WHAT NEEDS TO BE DONE:
Everything in the records is to be written out exactly, except the pictures.

DATA FOR PROCESSING:

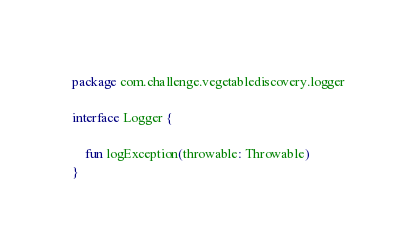Convert code to text. <code><loc_0><loc_0><loc_500><loc_500><_Kotlin_>package com.challenge.vegetablediscovery.logger

interface Logger {

    fun logException(throwable: Throwable)
}</code> 
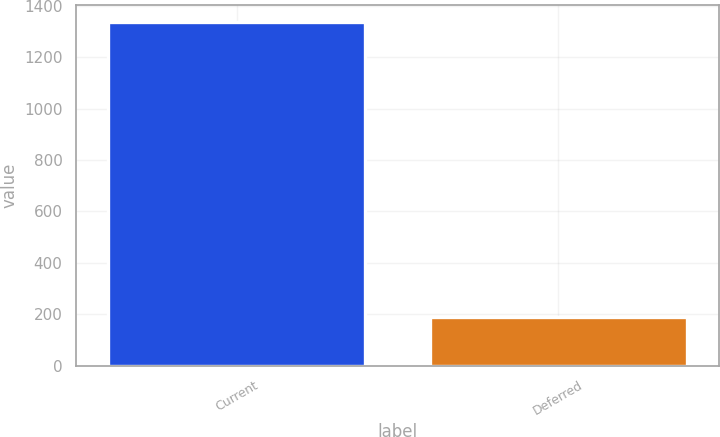Convert chart to OTSL. <chart><loc_0><loc_0><loc_500><loc_500><bar_chart><fcel>Current<fcel>Deferred<nl><fcel>1336<fcel>188<nl></chart> 
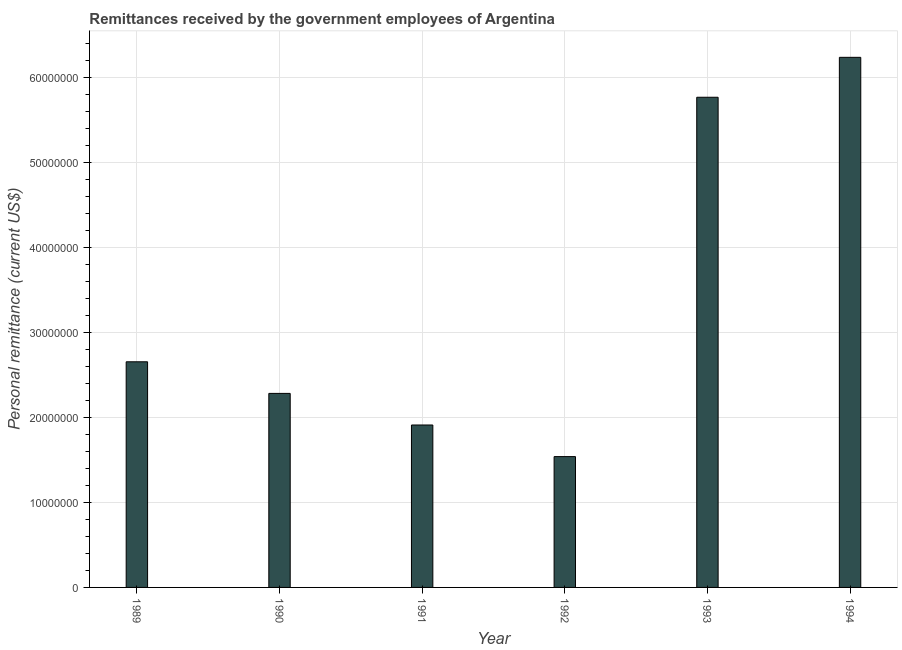Does the graph contain any zero values?
Ensure brevity in your answer.  No. Does the graph contain grids?
Your answer should be compact. Yes. What is the title of the graph?
Offer a terse response. Remittances received by the government employees of Argentina. What is the label or title of the X-axis?
Your response must be concise. Year. What is the label or title of the Y-axis?
Ensure brevity in your answer.  Personal remittance (current US$). What is the personal remittances in 1993?
Provide a short and direct response. 5.77e+07. Across all years, what is the maximum personal remittances?
Offer a very short reply. 6.24e+07. Across all years, what is the minimum personal remittances?
Provide a succinct answer. 1.54e+07. In which year was the personal remittances minimum?
Your response must be concise. 1992. What is the sum of the personal remittances?
Make the answer very short. 2.04e+08. What is the difference between the personal remittances in 1992 and 1994?
Your answer should be compact. -4.70e+07. What is the average personal remittances per year?
Keep it short and to the point. 3.40e+07. What is the median personal remittances?
Make the answer very short. 2.47e+07. Do a majority of the years between 1991 and 1994 (inclusive) have personal remittances greater than 36000000 US$?
Offer a very short reply. No. What is the ratio of the personal remittances in 1989 to that in 1994?
Offer a terse response. 0.43. Is the personal remittances in 1990 less than that in 1991?
Make the answer very short. No. What is the difference between the highest and the second highest personal remittances?
Provide a succinct answer. 4.70e+06. What is the difference between the highest and the lowest personal remittances?
Your answer should be very brief. 4.70e+07. In how many years, is the personal remittances greater than the average personal remittances taken over all years?
Ensure brevity in your answer.  2. How many bars are there?
Your response must be concise. 6. Are all the bars in the graph horizontal?
Make the answer very short. No. How many years are there in the graph?
Offer a terse response. 6. What is the difference between two consecutive major ticks on the Y-axis?
Your answer should be very brief. 1.00e+07. What is the Personal remittance (current US$) of 1989?
Provide a short and direct response. 2.66e+07. What is the Personal remittance (current US$) of 1990?
Offer a terse response. 2.28e+07. What is the Personal remittance (current US$) of 1991?
Provide a succinct answer. 1.91e+07. What is the Personal remittance (current US$) of 1992?
Your answer should be very brief. 1.54e+07. What is the Personal remittance (current US$) in 1993?
Your answer should be compact. 5.77e+07. What is the Personal remittance (current US$) in 1994?
Offer a terse response. 6.24e+07. What is the difference between the Personal remittance (current US$) in 1989 and 1990?
Your response must be concise. 3.72e+06. What is the difference between the Personal remittance (current US$) in 1989 and 1991?
Your response must be concise. 7.44e+06. What is the difference between the Personal remittance (current US$) in 1989 and 1992?
Give a very brief answer. 1.12e+07. What is the difference between the Personal remittance (current US$) in 1989 and 1993?
Offer a terse response. -3.11e+07. What is the difference between the Personal remittance (current US$) in 1989 and 1994?
Ensure brevity in your answer.  -3.58e+07. What is the difference between the Personal remittance (current US$) in 1990 and 1991?
Your answer should be very brief. 3.72e+06. What is the difference between the Personal remittance (current US$) in 1990 and 1992?
Your answer should be compact. 7.44e+06. What is the difference between the Personal remittance (current US$) in 1990 and 1993?
Provide a succinct answer. -3.49e+07. What is the difference between the Personal remittance (current US$) in 1990 and 1994?
Offer a very short reply. -3.96e+07. What is the difference between the Personal remittance (current US$) in 1991 and 1992?
Provide a succinct answer. 3.72e+06. What is the difference between the Personal remittance (current US$) in 1991 and 1993?
Provide a short and direct response. -3.86e+07. What is the difference between the Personal remittance (current US$) in 1991 and 1994?
Provide a short and direct response. -4.33e+07. What is the difference between the Personal remittance (current US$) in 1992 and 1993?
Your response must be concise. -4.23e+07. What is the difference between the Personal remittance (current US$) in 1992 and 1994?
Keep it short and to the point. -4.70e+07. What is the difference between the Personal remittance (current US$) in 1993 and 1994?
Make the answer very short. -4.70e+06. What is the ratio of the Personal remittance (current US$) in 1989 to that in 1990?
Offer a terse response. 1.16. What is the ratio of the Personal remittance (current US$) in 1989 to that in 1991?
Make the answer very short. 1.39. What is the ratio of the Personal remittance (current US$) in 1989 to that in 1992?
Your answer should be compact. 1.73. What is the ratio of the Personal remittance (current US$) in 1989 to that in 1993?
Make the answer very short. 0.46. What is the ratio of the Personal remittance (current US$) in 1989 to that in 1994?
Your answer should be very brief. 0.43. What is the ratio of the Personal remittance (current US$) in 1990 to that in 1991?
Your answer should be compact. 1.2. What is the ratio of the Personal remittance (current US$) in 1990 to that in 1992?
Provide a short and direct response. 1.48. What is the ratio of the Personal remittance (current US$) in 1990 to that in 1993?
Offer a terse response. 0.4. What is the ratio of the Personal remittance (current US$) in 1990 to that in 1994?
Provide a succinct answer. 0.37. What is the ratio of the Personal remittance (current US$) in 1991 to that in 1992?
Make the answer very short. 1.24. What is the ratio of the Personal remittance (current US$) in 1991 to that in 1993?
Give a very brief answer. 0.33. What is the ratio of the Personal remittance (current US$) in 1991 to that in 1994?
Offer a very short reply. 0.31. What is the ratio of the Personal remittance (current US$) in 1992 to that in 1993?
Your response must be concise. 0.27. What is the ratio of the Personal remittance (current US$) in 1992 to that in 1994?
Offer a very short reply. 0.25. What is the ratio of the Personal remittance (current US$) in 1993 to that in 1994?
Provide a succinct answer. 0.93. 
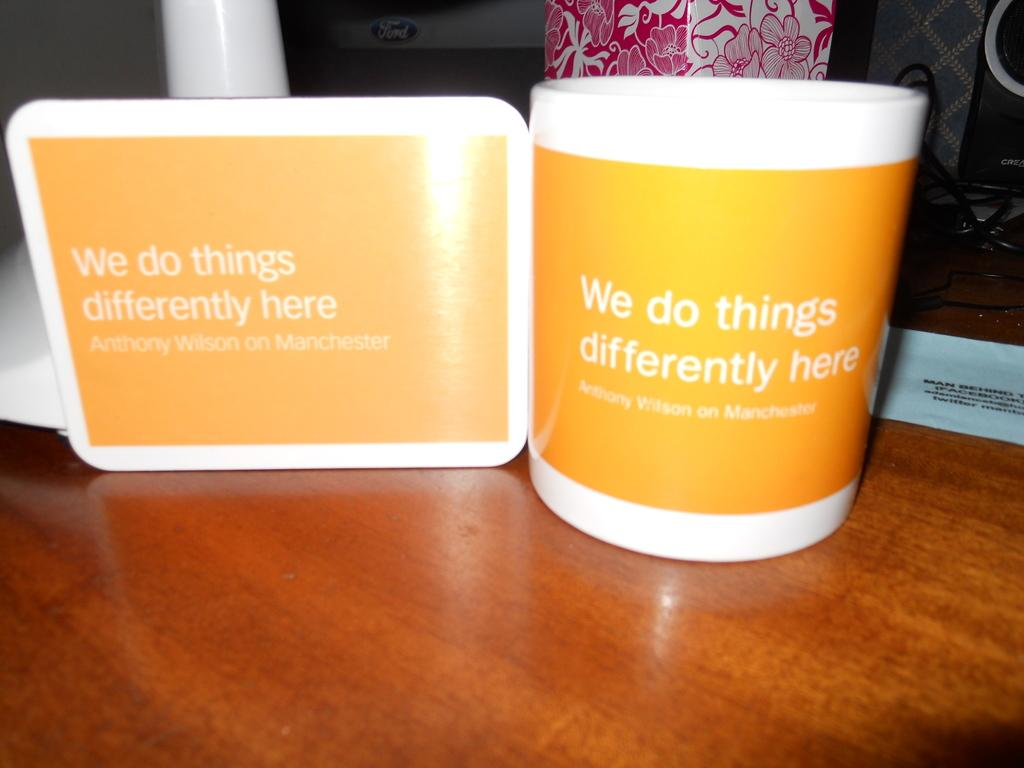Provide a one-sentence caption for the provided image. A white and orange mug that says We do things differently here. 
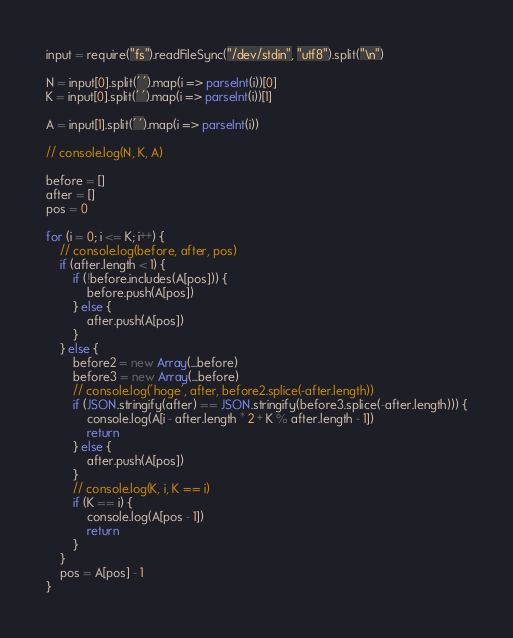Convert code to text. <code><loc_0><loc_0><loc_500><loc_500><_JavaScript_>input = require("fs").readFileSync("/dev/stdin", "utf8").split("\n")

N = input[0].split(' ').map(i => parseInt(i))[0]
K = input[0].split(' ').map(i => parseInt(i))[1]

A = input[1].split(' ').map(i => parseInt(i))

// console.log(N, K, A)

before = []
after = []
pos = 0

for (i = 0; i <= K; i++) {
    // console.log(before, after, pos)
    if (after.length < 1) {
        if (!before.includes(A[pos])) {
            before.push(A[pos])
        } else {
            after.push(A[pos])
        }
    } else {
        before2 = new Array(...before)
        before3 = new Array(...before)
        // console.log('hoge', after, before2.splice(-after.length))
        if (JSON.stringify(after) == JSON.stringify(before3.splice(-after.length))) {
            console.log(A[i - after.length * 2 + K % after.length - 1])
            return
        } else {
            after.push(A[pos])
        }
        // console.log(K, i, K == i)
        if (K == i) {
            console.log(A[pos - 1])
            return
        }
    }
    pos = A[pos] - 1
}
</code> 
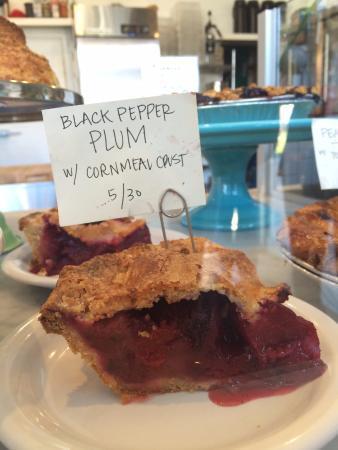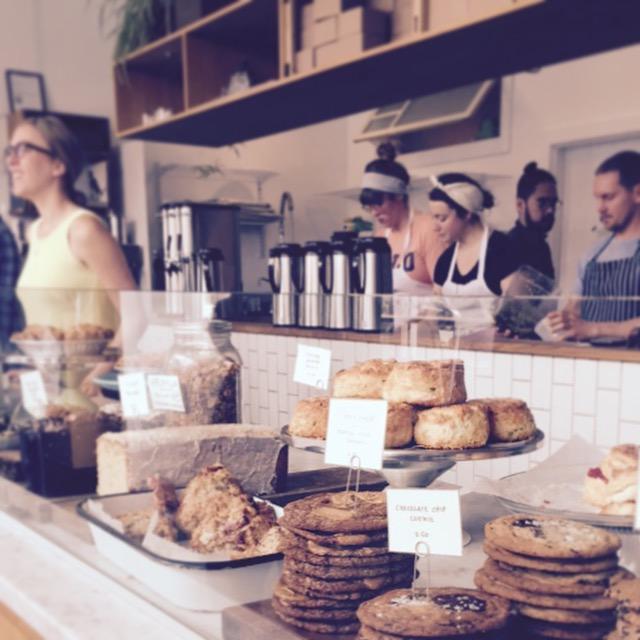The first image is the image on the left, the second image is the image on the right. Analyze the images presented: Is the assertion "Each image contains a person behind a counter." valid? Answer yes or no. No. The first image is the image on the left, the second image is the image on the right. Examine the images to the left and right. Is the description "There is a single green cake holder that contains  at least seven yellow and brown looking muffin tops." accurate? Answer yes or no. No. 
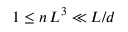<formula> <loc_0><loc_0><loc_500><loc_500>1 \leq n \, L ^ { 3 } \ll L / d</formula>

TASK SOLUTION:
Convert code to text. <code><loc_0><loc_0><loc_500><loc_500><_Kotlin_>package com.challenge.vegetablediscovery.logger

interface Logger {

    fun logException(throwable: Throwable)
}</code> 
Convert chart to OTSL. <chart><loc_0><loc_0><loc_500><loc_500><bar_chart><fcel>Current<fcel>Deferred<nl><fcel>1336<fcel>188<nl></chart> 
Does the graph contain any zero values?
Ensure brevity in your answer.  No. Does the graph contain grids?
Your answer should be compact. Yes. What is the title of the graph?
Offer a terse response. Remittances received by the government employees of Argentina. What is the label or title of the X-axis?
Your response must be concise. Year. What is the label or title of the Y-axis?
Ensure brevity in your answer.  Personal remittance (current US$). What is the personal remittances in 1993?
Provide a short and direct response. 5.77e+07. Across all years, what is the maximum personal remittances?
Offer a very short reply. 6.24e+07. Across all years, what is the minimum personal remittances?
Provide a succinct answer. 1.54e+07. In which year was the personal remittances minimum?
Your response must be concise. 1992. What is the sum of the personal remittances?
Make the answer very short. 2.04e+08. What is the difference between the personal remittances in 1992 and 1994?
Your answer should be compact. -4.70e+07. What is the average personal remittances per year?
Keep it short and to the point. 3.40e+07. What is the median personal remittances?
Make the answer very short. 2.47e+07. Do a majority of the years between 1991 and 1994 (inclusive) have personal remittances greater than 36000000 US$?
Offer a very short reply. No. What is the ratio of the personal remittances in 1989 to that in 1994?
Offer a terse response. 0.43. Is the personal remittances in 1990 less than that in 1991?
Make the answer very short. No. What is the difference between the highest and the second highest personal remittances?
Provide a succinct answer. 4.70e+06. What is the difference between the highest and the lowest personal remittances?
Your answer should be very brief. 4.70e+07. In how many years, is the personal remittances greater than the average personal remittances taken over all years?
Ensure brevity in your answer.  2. How many bars are there?
Your response must be concise. 6. Are all the bars in the graph horizontal?
Make the answer very short. No. How many years are there in the graph?
Offer a terse response. 6. What is the difference between two consecutive major ticks on the Y-axis?
Your answer should be very brief. 1.00e+07. What is the Personal remittance (current US$) of 1989?
Provide a short and direct response. 2.66e+07. What is the Personal remittance (current US$) of 1990?
Offer a terse response. 2.28e+07. What is the Personal remittance (current US$) of 1991?
Provide a succinct answer. 1.91e+07. What is the Personal remittance (current US$) of 1992?
Your answer should be very brief. 1.54e+07. What is the Personal remittance (current US$) in 1993?
Your answer should be compact. 5.77e+07. What is the Personal remittance (current US$) in 1994?
Offer a terse response. 6.24e+07. What is the difference between the Personal remittance (current US$) in 1989 and 1990?
Your response must be concise. 3.72e+06. What is the difference between the Personal remittance (current US$) in 1989 and 1991?
Your response must be concise. 7.44e+06. What is the difference between the Personal remittance (current US$) in 1989 and 1992?
Give a very brief answer. 1.12e+07. What is the difference between the Personal remittance (current US$) in 1989 and 1993?
Offer a terse response. -3.11e+07. What is the difference between the Personal remittance (current US$) in 1989 and 1994?
Ensure brevity in your answer.  -3.58e+07. What is the difference between the Personal remittance (current US$) in 1990 and 1991?
Your answer should be very brief. 3.72e+06. What is the difference between the Personal remittance (current US$) in 1990 and 1992?
Your answer should be compact. 7.44e+06. What is the difference between the Personal remittance (current US$) in 1990 and 1993?
Provide a succinct answer. -3.49e+07. What is the difference between the Personal remittance (current US$) in 1990 and 1994?
Offer a very short reply. -3.96e+07. What is the difference between the Personal remittance (current US$) in 1991 and 1992?
Provide a succinct answer. 3.72e+06. What is the difference between the Personal remittance (current US$) in 1991 and 1993?
Provide a short and direct response. -3.86e+07. What is the difference between the Personal remittance (current US$) in 1991 and 1994?
Provide a short and direct response. -4.33e+07. What is the difference between the Personal remittance (current US$) in 1992 and 1993?
Your response must be concise. -4.23e+07. What is the difference between the Personal remittance (current US$) in 1992 and 1994?
Keep it short and to the point. -4.70e+07. What is the difference between the Personal remittance (current US$) in 1993 and 1994?
Make the answer very short. -4.70e+06. What is the ratio of the Personal remittance (current US$) in 1989 to that in 1990?
Offer a terse response. 1.16. What is the ratio of the Personal remittance (current US$) in 1989 to that in 1991?
Make the answer very short. 1.39. What is the ratio of the Personal remittance (current US$) in 1989 to that in 1992?
Your answer should be compact. 1.73. What is the ratio of the Personal remittance (current US$) in 1989 to that in 1993?
Make the answer very short. 0.46. What is the ratio of the Personal remittance (current US$) in 1989 to that in 1994?
Your answer should be very brief. 0.43. What is the ratio of the Personal remittance (current US$) in 1990 to that in 1991?
Your answer should be compact. 1.2. What is the ratio of the Personal remittance (current US$) in 1990 to that in 1992?
Provide a short and direct response. 1.48. What is the ratio of the Personal remittance (current US$) in 1990 to that in 1993?
Offer a terse response. 0.4. What is the ratio of the Personal remittance (current US$) in 1990 to that in 1994?
Provide a succinct answer. 0.37. What is the ratio of the Personal remittance (current US$) in 1991 to that in 1992?
Make the answer very short. 1.24. What is the ratio of the Personal remittance (current US$) in 1991 to that in 1993?
Give a very brief answer. 0.33. What is the ratio of the Personal remittance (current US$) in 1991 to that in 1994?
Offer a very short reply. 0.31. What is the ratio of the Personal remittance (current US$) in 1992 to that in 1993?
Your response must be concise. 0.27. What is the ratio of the Personal remittance (current US$) in 1992 to that in 1994?
Offer a very short reply. 0.25. What is the ratio of the Personal remittance (current US$) in 1993 to that in 1994?
Provide a succinct answer. 0.93. 
Provide a one-sentence caption for the provided image. A white and orange mug that says We do things differently here. 
Convert code to text. <code><loc_0><loc_0><loc_500><loc_500><_JavaScript_>input = require("fs").readFileSync("/dev/stdin", "utf8").split("\n")

N = input[0].split(' ').map(i => parseInt(i))[0]
K = input[0].split(' ').map(i => parseInt(i))[1]

A = input[1].split(' ').map(i => parseInt(i))

// console.log(N, K, A)

before = []
after = []
pos = 0

for (i = 0; i <= K; i++) {
    // console.log(before, after, pos)
    if (after.length < 1) {
        if (!before.includes(A[pos])) {
            before.push(A[pos])
        } else {
            after.push(A[pos])
        }
    } else {
        before2 = new Array(...before)
        before3 = new Array(...before)
        // console.log('hoge', after, before2.splice(-after.length))
        if (JSON.stringify(after) == JSON.stringify(before3.splice(-after.length))) {
            console.log(A[i - after.length * 2 + K % after.length - 1])
            return
        } else {
            after.push(A[pos])
        }
        // console.log(K, i, K == i)
        if (K == i) {
            console.log(A[pos - 1])
            return
        }
    }
    pos = A[pos] - 1
}
</code> 
The first image is the image on the left, the second image is the image on the right. Analyze the images presented: Is the assertion "Each image contains a person behind a counter." valid? Answer yes or no. No. The first image is the image on the left, the second image is the image on the right. Examine the images to the left and right. Is the description "There is a single green cake holder that contains  at least seven yellow and brown looking muffin tops." accurate? Answer yes or no. No. 
<formula> <loc_0><loc_0><loc_500><loc_500>1 \leq n \, L ^ { 3 } \ll L / d</formula>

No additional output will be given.